Brief:
Below are lines of data, and only some are wanted. Please repeat exactly those from the line that has "Provide a succinct answer. -2." through the line that has "1972 in Austria and the".

Supplied information:
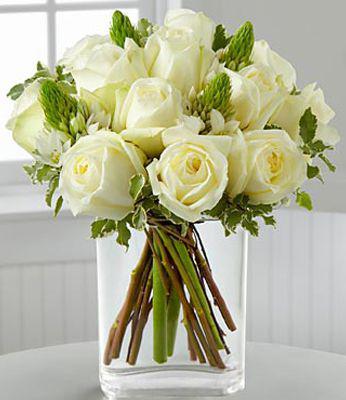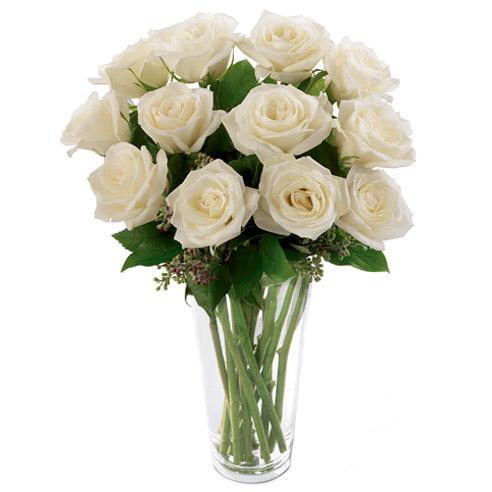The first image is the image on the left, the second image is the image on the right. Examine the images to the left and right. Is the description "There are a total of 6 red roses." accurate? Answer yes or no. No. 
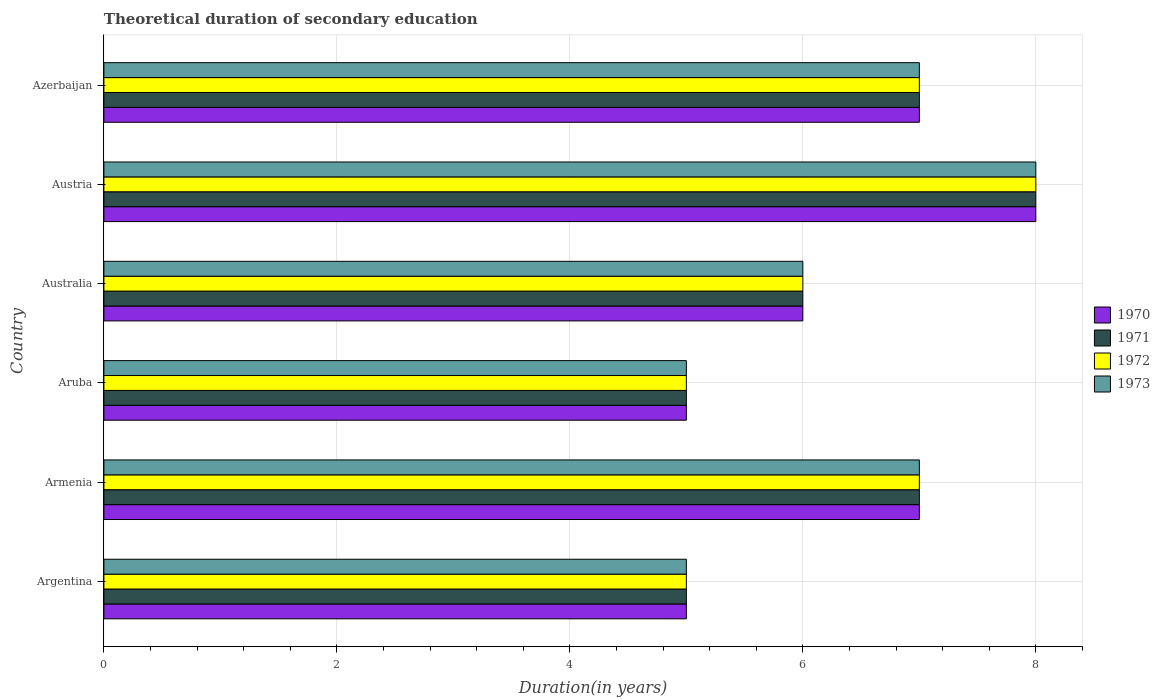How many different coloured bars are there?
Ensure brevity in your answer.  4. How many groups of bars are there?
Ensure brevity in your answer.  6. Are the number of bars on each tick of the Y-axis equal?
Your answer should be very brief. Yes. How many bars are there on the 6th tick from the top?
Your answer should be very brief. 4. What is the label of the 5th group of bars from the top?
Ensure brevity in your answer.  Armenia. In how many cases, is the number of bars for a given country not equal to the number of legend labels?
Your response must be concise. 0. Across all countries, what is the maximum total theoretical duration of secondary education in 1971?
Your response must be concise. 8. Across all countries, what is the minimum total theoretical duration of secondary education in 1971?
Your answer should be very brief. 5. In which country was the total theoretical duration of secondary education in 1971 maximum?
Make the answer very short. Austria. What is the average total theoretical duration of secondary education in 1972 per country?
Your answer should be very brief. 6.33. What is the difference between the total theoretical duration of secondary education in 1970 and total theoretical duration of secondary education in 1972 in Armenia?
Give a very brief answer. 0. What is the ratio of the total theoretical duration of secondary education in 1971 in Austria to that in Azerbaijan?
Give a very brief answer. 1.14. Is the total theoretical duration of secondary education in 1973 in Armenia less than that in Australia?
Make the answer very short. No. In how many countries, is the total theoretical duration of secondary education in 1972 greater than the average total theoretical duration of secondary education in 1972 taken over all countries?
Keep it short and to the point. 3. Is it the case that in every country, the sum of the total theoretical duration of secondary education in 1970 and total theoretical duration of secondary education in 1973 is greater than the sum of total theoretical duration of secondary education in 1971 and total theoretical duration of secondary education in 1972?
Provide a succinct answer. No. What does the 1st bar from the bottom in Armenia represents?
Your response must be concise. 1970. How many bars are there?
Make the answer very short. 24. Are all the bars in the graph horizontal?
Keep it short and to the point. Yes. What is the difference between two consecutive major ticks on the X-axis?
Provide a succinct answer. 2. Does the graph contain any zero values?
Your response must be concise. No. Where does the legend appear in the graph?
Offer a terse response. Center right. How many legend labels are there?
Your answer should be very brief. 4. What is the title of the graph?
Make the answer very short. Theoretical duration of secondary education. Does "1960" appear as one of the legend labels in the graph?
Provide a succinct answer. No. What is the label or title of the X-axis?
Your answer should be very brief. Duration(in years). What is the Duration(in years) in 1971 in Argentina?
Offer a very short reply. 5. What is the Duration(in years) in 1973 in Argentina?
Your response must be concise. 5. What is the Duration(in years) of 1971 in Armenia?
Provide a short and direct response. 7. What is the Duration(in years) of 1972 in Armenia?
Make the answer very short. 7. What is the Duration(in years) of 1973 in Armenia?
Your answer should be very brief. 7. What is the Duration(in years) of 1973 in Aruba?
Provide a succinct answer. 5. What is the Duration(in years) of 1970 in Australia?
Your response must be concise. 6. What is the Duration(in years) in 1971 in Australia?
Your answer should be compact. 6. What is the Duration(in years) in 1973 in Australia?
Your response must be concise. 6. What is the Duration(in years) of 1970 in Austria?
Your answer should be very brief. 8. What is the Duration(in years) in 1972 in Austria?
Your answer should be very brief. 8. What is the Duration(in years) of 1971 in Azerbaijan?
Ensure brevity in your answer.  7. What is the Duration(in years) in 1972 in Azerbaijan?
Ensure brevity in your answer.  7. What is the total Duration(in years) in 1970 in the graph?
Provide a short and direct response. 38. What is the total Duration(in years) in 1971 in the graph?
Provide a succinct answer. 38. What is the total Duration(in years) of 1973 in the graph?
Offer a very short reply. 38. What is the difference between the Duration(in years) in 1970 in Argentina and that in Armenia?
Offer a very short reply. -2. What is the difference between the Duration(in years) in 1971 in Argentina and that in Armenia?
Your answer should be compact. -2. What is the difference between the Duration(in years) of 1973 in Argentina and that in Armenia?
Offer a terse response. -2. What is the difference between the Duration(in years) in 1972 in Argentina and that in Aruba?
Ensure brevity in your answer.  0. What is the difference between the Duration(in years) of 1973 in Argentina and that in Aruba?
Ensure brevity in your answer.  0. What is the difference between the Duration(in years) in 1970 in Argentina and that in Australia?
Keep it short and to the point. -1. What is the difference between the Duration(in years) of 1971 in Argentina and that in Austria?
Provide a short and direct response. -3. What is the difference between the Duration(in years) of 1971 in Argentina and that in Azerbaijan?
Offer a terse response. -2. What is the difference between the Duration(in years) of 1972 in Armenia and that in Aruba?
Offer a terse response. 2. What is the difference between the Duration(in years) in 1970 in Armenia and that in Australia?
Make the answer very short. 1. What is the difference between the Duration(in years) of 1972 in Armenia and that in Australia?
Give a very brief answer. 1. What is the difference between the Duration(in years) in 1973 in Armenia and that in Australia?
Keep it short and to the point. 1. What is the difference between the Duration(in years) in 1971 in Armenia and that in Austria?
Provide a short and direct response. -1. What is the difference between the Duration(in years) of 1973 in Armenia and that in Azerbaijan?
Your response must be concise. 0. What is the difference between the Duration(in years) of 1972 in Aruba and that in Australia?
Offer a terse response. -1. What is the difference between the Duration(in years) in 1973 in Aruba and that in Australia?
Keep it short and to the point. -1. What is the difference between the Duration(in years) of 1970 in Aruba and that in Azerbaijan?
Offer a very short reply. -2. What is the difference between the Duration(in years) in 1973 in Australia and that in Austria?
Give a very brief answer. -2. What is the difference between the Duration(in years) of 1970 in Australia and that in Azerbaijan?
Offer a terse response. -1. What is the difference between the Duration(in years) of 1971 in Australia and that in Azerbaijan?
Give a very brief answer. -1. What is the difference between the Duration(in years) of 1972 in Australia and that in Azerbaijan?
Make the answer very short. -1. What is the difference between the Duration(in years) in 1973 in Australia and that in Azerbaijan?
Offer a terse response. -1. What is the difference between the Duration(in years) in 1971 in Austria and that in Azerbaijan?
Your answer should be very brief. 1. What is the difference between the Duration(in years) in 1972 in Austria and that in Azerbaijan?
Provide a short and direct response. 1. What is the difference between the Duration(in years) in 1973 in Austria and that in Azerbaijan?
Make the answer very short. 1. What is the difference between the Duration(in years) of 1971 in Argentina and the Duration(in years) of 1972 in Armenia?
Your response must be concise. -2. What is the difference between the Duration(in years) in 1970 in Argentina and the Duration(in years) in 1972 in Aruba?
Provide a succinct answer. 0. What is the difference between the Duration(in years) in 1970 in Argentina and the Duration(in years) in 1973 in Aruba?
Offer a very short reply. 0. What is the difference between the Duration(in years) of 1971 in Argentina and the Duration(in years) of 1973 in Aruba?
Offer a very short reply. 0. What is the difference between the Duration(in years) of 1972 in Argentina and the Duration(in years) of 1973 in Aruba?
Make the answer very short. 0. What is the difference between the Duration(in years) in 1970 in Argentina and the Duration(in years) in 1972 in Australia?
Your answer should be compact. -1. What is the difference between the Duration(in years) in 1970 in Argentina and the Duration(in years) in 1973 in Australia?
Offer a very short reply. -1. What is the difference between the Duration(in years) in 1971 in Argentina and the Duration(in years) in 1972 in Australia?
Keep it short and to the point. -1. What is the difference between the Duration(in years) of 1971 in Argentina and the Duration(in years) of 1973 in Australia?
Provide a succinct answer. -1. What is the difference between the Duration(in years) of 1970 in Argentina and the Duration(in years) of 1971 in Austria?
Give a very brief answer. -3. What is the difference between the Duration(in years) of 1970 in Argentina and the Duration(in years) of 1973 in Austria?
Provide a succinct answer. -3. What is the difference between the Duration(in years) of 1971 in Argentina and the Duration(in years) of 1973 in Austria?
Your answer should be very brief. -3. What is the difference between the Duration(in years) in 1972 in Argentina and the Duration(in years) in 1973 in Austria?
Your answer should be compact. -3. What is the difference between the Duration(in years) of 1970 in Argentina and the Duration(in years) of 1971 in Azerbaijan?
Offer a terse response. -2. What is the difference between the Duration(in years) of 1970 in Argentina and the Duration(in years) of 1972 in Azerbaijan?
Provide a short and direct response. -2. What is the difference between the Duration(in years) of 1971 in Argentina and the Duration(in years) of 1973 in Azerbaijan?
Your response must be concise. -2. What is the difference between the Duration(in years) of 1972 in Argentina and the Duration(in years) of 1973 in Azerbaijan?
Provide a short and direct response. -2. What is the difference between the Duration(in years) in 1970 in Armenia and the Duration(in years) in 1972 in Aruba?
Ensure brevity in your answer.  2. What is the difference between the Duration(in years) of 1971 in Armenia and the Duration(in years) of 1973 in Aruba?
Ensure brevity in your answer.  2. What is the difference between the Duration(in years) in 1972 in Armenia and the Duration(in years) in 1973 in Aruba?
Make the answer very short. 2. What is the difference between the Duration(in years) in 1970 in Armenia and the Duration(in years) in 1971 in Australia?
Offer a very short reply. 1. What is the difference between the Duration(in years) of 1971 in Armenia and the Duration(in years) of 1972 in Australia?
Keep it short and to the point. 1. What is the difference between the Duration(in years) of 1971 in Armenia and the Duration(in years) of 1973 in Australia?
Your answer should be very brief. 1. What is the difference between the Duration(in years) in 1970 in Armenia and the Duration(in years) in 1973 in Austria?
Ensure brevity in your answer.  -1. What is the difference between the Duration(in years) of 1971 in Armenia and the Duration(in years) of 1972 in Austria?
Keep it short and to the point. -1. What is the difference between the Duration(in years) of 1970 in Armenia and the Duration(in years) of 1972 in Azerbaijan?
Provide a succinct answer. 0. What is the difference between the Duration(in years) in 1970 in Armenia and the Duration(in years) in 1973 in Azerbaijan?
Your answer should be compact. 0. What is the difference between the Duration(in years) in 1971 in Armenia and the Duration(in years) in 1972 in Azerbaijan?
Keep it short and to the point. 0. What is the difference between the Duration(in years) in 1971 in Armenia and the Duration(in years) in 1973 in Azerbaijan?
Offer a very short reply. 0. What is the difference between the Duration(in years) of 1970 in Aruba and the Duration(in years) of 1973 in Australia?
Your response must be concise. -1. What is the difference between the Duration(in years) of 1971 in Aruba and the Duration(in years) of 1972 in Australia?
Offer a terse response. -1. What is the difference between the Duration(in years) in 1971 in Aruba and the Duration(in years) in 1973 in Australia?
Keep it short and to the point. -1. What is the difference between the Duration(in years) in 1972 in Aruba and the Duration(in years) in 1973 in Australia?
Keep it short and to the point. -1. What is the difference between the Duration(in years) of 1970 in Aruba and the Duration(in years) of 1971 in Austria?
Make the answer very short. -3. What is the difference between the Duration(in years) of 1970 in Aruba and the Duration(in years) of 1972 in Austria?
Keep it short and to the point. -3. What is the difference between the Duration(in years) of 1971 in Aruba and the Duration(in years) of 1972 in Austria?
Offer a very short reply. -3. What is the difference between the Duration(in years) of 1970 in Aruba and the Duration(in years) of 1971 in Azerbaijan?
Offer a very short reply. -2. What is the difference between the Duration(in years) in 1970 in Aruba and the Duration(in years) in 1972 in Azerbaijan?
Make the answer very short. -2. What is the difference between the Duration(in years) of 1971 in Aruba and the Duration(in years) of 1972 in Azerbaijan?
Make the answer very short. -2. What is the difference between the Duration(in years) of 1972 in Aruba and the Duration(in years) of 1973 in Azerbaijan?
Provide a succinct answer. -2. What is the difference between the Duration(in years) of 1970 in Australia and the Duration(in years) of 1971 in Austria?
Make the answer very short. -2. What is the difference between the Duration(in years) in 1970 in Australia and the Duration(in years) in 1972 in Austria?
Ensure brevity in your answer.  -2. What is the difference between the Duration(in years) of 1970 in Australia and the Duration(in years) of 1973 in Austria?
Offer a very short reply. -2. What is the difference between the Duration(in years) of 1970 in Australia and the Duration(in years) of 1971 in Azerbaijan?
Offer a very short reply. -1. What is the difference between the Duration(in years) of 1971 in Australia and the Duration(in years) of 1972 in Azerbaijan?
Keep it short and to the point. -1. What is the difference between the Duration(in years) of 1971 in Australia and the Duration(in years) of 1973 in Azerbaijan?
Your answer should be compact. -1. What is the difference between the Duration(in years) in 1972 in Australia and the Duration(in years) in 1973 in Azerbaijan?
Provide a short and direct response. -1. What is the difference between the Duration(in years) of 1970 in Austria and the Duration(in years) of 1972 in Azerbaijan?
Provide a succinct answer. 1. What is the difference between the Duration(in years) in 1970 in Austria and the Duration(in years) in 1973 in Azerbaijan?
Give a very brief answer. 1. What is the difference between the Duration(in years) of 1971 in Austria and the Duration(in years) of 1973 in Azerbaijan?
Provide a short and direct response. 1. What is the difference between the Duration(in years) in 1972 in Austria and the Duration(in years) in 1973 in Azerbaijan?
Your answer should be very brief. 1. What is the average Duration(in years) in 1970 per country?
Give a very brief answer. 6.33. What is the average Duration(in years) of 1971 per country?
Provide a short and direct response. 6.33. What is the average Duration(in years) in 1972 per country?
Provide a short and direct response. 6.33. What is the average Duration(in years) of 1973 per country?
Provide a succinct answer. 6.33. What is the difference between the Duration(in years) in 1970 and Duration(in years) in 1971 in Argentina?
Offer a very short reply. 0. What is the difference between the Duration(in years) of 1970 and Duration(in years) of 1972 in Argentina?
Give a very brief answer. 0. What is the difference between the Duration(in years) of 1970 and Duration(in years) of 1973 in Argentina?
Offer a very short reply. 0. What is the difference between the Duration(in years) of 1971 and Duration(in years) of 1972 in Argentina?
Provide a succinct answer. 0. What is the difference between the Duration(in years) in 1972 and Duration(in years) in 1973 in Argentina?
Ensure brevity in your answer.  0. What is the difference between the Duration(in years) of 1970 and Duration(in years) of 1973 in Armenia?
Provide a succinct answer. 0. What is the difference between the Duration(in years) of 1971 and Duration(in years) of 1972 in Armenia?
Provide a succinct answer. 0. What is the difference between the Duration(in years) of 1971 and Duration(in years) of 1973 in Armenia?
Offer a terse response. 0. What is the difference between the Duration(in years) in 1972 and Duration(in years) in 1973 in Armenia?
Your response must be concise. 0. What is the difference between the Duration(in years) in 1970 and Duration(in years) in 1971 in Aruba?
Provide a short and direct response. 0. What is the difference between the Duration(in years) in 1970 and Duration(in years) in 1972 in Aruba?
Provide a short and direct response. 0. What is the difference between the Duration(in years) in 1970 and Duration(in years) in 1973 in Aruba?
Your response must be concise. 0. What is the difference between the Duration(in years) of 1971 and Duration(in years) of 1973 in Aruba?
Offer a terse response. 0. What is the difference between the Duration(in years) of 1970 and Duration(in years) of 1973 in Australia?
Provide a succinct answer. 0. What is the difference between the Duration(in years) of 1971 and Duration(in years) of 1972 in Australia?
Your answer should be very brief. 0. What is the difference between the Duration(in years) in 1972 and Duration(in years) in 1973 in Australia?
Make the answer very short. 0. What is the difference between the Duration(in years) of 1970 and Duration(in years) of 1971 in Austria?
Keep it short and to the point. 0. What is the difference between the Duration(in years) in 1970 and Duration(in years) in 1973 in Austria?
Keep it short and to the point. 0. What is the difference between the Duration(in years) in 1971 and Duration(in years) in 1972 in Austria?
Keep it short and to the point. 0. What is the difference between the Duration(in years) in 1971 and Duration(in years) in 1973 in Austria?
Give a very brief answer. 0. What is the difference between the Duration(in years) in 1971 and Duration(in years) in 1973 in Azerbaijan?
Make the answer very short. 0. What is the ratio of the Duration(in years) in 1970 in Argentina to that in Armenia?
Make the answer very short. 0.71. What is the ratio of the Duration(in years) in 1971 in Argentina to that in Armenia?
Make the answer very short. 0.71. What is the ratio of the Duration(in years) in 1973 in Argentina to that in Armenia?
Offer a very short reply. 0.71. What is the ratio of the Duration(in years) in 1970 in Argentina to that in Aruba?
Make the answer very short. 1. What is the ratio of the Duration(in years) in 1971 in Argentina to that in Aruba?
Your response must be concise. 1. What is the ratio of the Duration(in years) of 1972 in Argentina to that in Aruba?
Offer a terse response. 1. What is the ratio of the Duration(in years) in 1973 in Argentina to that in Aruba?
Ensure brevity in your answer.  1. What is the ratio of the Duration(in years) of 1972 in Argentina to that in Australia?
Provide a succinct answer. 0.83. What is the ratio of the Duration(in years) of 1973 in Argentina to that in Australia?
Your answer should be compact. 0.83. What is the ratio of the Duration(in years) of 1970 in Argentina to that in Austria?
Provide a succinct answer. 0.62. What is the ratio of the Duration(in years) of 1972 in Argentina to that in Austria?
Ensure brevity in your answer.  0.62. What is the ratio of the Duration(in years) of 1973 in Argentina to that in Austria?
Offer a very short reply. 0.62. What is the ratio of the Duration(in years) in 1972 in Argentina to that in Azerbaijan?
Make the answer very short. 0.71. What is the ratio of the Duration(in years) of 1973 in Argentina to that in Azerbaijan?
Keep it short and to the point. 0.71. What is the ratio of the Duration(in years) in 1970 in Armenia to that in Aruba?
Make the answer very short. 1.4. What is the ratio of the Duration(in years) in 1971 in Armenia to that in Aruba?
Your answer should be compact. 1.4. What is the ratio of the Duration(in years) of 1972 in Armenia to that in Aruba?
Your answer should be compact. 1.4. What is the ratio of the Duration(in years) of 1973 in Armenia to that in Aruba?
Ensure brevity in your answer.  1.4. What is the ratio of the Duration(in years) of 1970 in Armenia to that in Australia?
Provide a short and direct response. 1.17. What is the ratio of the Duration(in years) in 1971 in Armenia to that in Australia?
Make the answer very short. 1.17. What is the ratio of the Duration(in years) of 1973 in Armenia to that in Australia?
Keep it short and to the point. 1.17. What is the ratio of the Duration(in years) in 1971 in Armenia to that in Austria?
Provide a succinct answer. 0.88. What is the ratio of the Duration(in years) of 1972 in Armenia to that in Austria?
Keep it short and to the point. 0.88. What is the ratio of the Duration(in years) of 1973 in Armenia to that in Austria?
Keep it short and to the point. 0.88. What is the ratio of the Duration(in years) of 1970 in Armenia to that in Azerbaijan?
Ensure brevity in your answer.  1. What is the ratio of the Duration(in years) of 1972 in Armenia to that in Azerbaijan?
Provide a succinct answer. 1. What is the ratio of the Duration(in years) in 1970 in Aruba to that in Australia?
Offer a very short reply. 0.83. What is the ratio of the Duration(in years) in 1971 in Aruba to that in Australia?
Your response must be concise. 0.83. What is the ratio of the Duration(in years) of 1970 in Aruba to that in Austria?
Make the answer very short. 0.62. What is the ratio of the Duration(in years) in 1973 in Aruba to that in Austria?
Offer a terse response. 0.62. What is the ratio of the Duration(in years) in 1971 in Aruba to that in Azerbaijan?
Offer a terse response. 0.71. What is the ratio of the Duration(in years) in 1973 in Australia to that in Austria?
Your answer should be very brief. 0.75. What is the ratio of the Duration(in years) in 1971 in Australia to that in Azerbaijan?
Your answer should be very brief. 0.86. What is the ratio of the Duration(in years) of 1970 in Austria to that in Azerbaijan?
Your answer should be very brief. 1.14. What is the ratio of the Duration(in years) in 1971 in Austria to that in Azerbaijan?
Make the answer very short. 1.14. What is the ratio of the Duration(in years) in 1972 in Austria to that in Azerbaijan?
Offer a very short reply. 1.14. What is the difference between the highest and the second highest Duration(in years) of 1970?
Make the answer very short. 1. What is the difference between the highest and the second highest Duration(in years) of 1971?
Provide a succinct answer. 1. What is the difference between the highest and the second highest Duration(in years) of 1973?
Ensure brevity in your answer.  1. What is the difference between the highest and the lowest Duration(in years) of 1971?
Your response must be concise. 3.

--

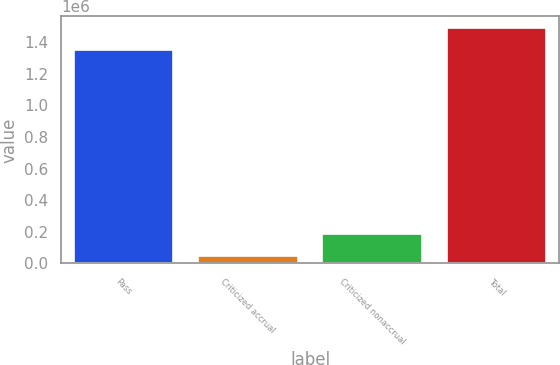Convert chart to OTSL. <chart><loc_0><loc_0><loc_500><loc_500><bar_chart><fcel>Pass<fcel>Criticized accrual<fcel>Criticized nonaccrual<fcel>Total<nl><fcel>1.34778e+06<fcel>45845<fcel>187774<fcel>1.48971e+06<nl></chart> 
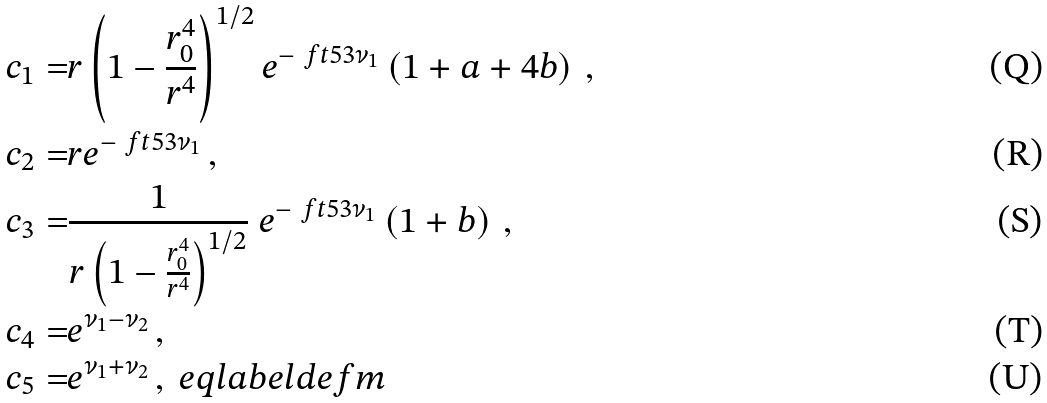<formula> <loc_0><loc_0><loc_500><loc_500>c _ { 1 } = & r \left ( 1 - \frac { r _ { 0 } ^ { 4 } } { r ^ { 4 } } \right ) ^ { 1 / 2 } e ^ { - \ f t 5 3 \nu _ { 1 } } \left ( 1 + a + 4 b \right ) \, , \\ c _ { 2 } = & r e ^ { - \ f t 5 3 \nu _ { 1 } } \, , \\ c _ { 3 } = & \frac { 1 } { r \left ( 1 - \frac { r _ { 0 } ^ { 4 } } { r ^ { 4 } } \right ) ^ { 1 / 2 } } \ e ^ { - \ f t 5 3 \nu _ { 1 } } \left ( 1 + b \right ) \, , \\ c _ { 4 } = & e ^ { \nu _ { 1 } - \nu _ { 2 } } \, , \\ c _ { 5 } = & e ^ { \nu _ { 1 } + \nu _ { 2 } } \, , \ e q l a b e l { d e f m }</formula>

Answer to this task:
Provide a succinct answer. -2. What is the difference between the Duration(in years) of 1970 in Australia and the Duration(in years) of 1971 in Austria?
Make the answer very short. -2. What is the difference between the Duration(in years) in 1970 in Australia and the Duration(in years) in 1972 in Austria?
Ensure brevity in your answer.  -2. What is the difference between the Duration(in years) of 1970 in Australia and the Duration(in years) of 1973 in Austria?
Offer a very short reply. -2. What is the difference between the Duration(in years) of 1970 in Australia and the Duration(in years) of 1971 in Azerbaijan?
Offer a very short reply. -1. What is the difference between the Duration(in years) of 1971 in Australia and the Duration(in years) of 1972 in Azerbaijan?
Keep it short and to the point. -1. What is the difference between the Duration(in years) of 1971 in Australia and the Duration(in years) of 1973 in Azerbaijan?
Your answer should be compact. -1. What is the difference between the Duration(in years) in 1972 in Australia and the Duration(in years) in 1973 in Azerbaijan?
Provide a short and direct response. -1. What is the difference between the Duration(in years) of 1970 in Austria and the Duration(in years) of 1972 in Azerbaijan?
Provide a succinct answer. 1. What is the difference between the Duration(in years) in 1970 in Austria and the Duration(in years) in 1973 in Azerbaijan?
Give a very brief answer. 1. What is the difference between the Duration(in years) of 1971 in Austria and the Duration(in years) of 1973 in Azerbaijan?
Provide a short and direct response. 1. What is the difference between the Duration(in years) in 1972 in Austria and the Duration(in years) in 1973 in Azerbaijan?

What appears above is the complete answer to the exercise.